The nice thing about fuzzing is that it is rather easy to deploy – you do not need knowledge about the program under test or its context. It suffices to have a few sample inputs and then the fuzzer will do its job mutating these inputs and trying to find new failures. In some way, it is a “fire-and-forget” technique – you set it up, and then it just churns along for days or weeks. However, fuzzers cannot replace traditional testing. For one, fuzzers mostly focus on bugs in input processing. And then, fuzzers do not check functionality beyond generic crashes or hangs. Yet someone or something still has to check whether the program is doing the right thing. And then, we are back at some specification or a suite of traditional unit tests – with suitable assertions, of course.

You were a pioneer in mining software repositories. For developers today who have access to massive datasets like GitHub, what is a common mistake they make when trying to draw conclusions from historical commit data?

The most important fallacy is to use commit data to rate the performance of individuals or groups. In some of the projects we analyzed, we found that among all contributors, the project lead was the one whose code had to be fixed most often later. But that was not because the lead was a bad programmer – this was because they had taken on the tasks that were most risky, tasks that required expertise that no other team member had. Another example was an investigation we did in industry on a piece of code that apparently had to be fixed every other day. Was this code so wrong? It turned out that this code was communicating with hardware products from several vendors. Each of these vendors had made a few mistakes in their implementation, but they already had produced thousands of samples for which they could not change the code anymore. So it was easier to change the “software” piece such that it would work around the mistakes in hardware. In the commit history, though, it looked as if the blame was all on the software. As a consequence, I learned to always talk to the people in charge about the context of your findings and how your numbers actually should be interpreted.
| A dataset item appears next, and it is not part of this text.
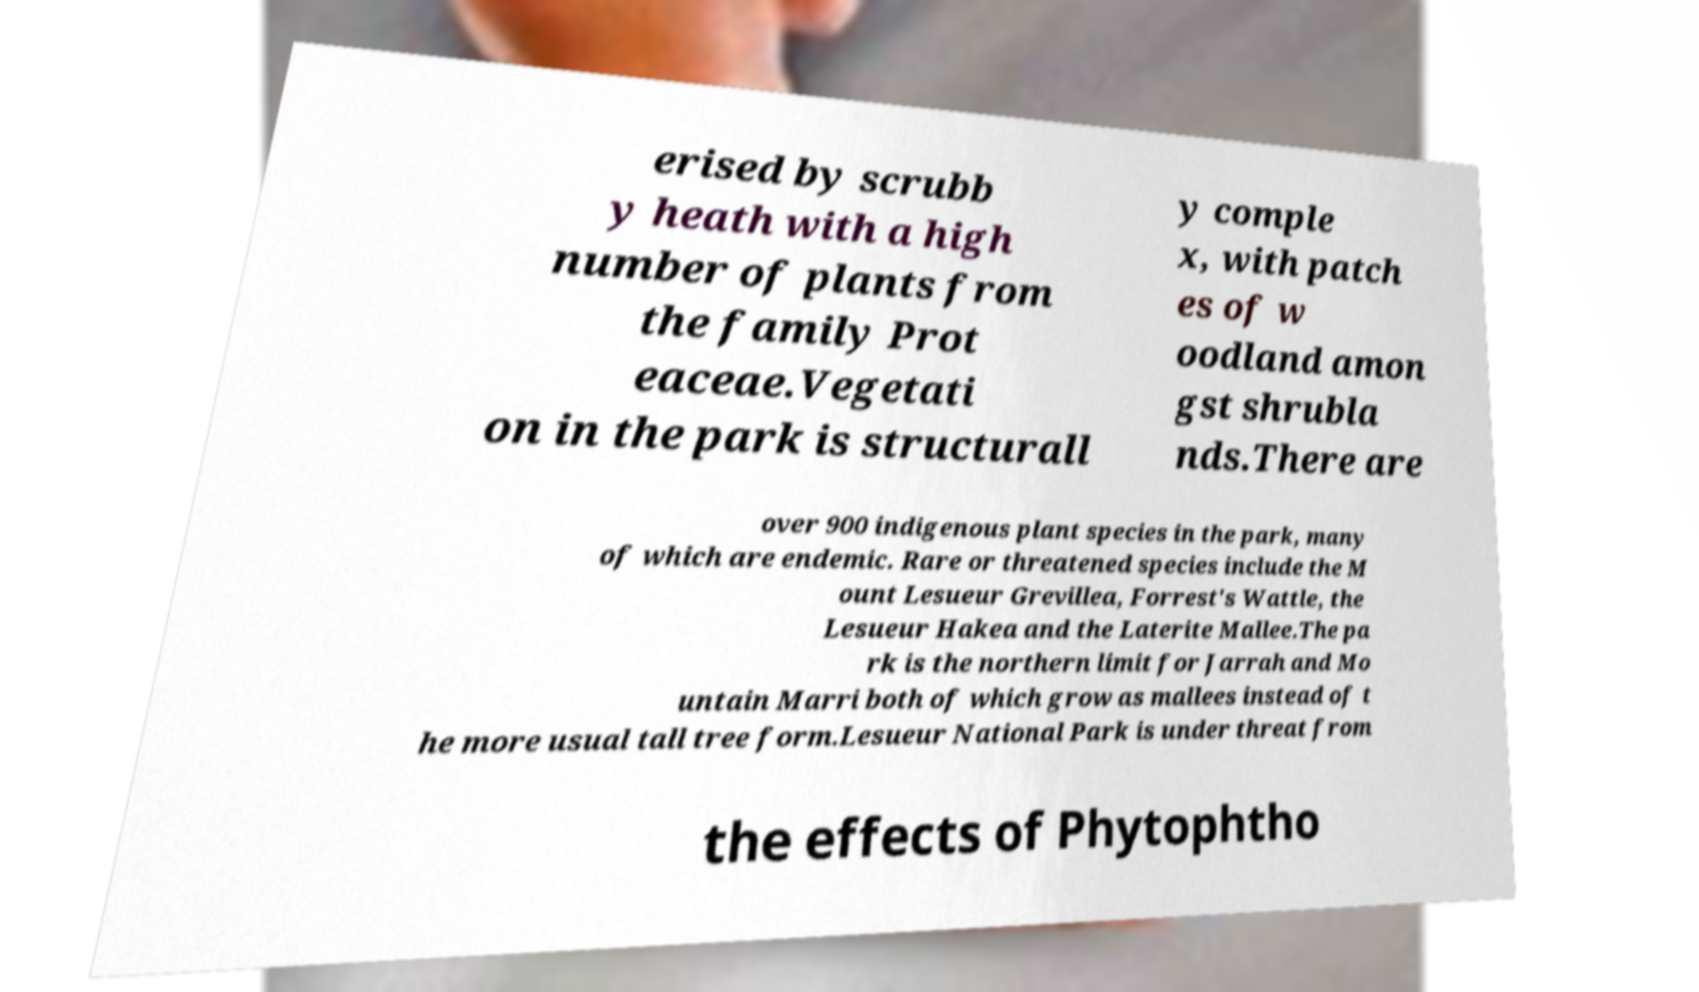For documentation purposes, I need the text within this image transcribed. Could you provide that? erised by scrubb y heath with a high number of plants from the family Prot eaceae.Vegetati on in the park is structurall y comple x, with patch es of w oodland amon gst shrubla nds.There are over 900 indigenous plant species in the park, many of which are endemic. Rare or threatened species include the M ount Lesueur Grevillea, Forrest's Wattle, the Lesueur Hakea and the Laterite Mallee.The pa rk is the northern limit for Jarrah and Mo untain Marri both of which grow as mallees instead of t he more usual tall tree form.Lesueur National Park is under threat from the effects of Phytophtho

You learn a lot this way.

As a co-founder of several tech start-ups, what is one piece of "academic" wisdom that you found didn't actually work when applied to the fast-paced environment of a commercial startup?

During my studies, we learned a lot of “wisdom” about rigorous software development and how soon we would be able to create fully formally verified systems which, once built, we would never have to change because they would be correct by construction. Fortunately, my co-founders and I also collected lots of advice from start-up practitioners, and we were very eager to adopt a much more agile, customer-oriented development style.
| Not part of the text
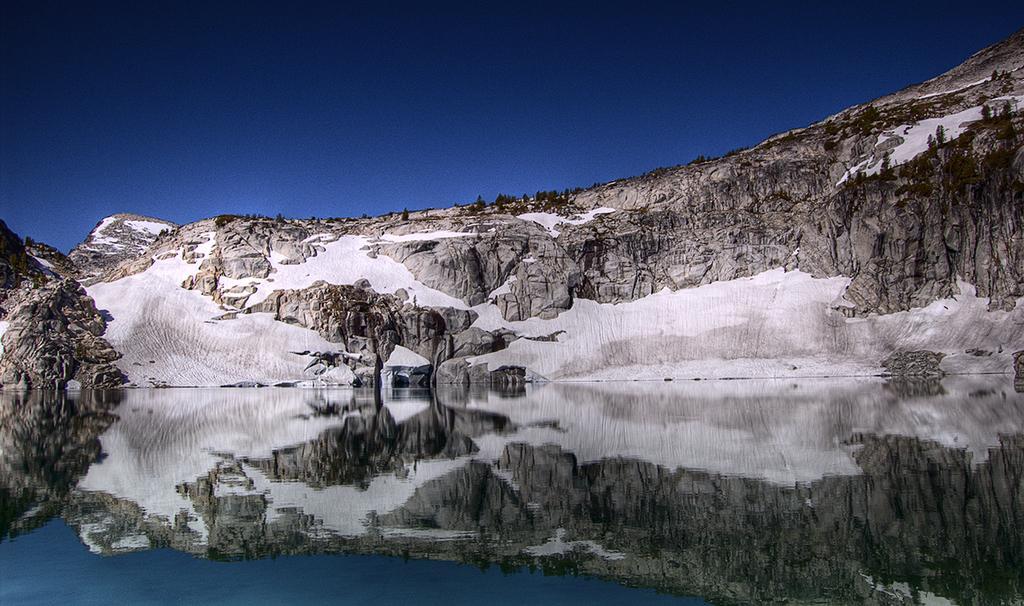How would you summarize this image in a sentence or two? In the image there is a lake in the front with a hill behind it covered with snow and above its sky.

You have supervised over 20 Ph.D. theses. When you are looking for a new researcher or student to join your lab, what non-technical trait do you value most?

I usually look for general problem-solving capabilities. I ask the candidates for the most difficult problem they have encountered so far, and how they solved it. If your students find creative solutions for hard problems on their own, then as their advisor, your main job will be to help them generalize both problems and solutions into a contribution that will stand the test of time. This still sounds challenging but is much more satisfying than taking them by the hand for every little problem they encounter.

As the industry moves toward AI-assisted coding (like GitHub Copilot), do you believe the role of formal program analysis will become more or less important for the next generation of engineers?

Despite us having more and more capable AI agents producing code for us, there will still be humans who take responsibility for the final product. What will they base their assessment on? Someone will have to check that the code is doing the right thing – and also specify what the right thing is. You may trust your AI agent on that, but in the end, it is your head that is at stake. Automated testing and analysis tools (for which again other humans take responsibility) will help us rest assured that everything in our code is (still) fine, and that we can safely and responsibly release code into production.

Andreas Zeller will receive his award at ICSE this year.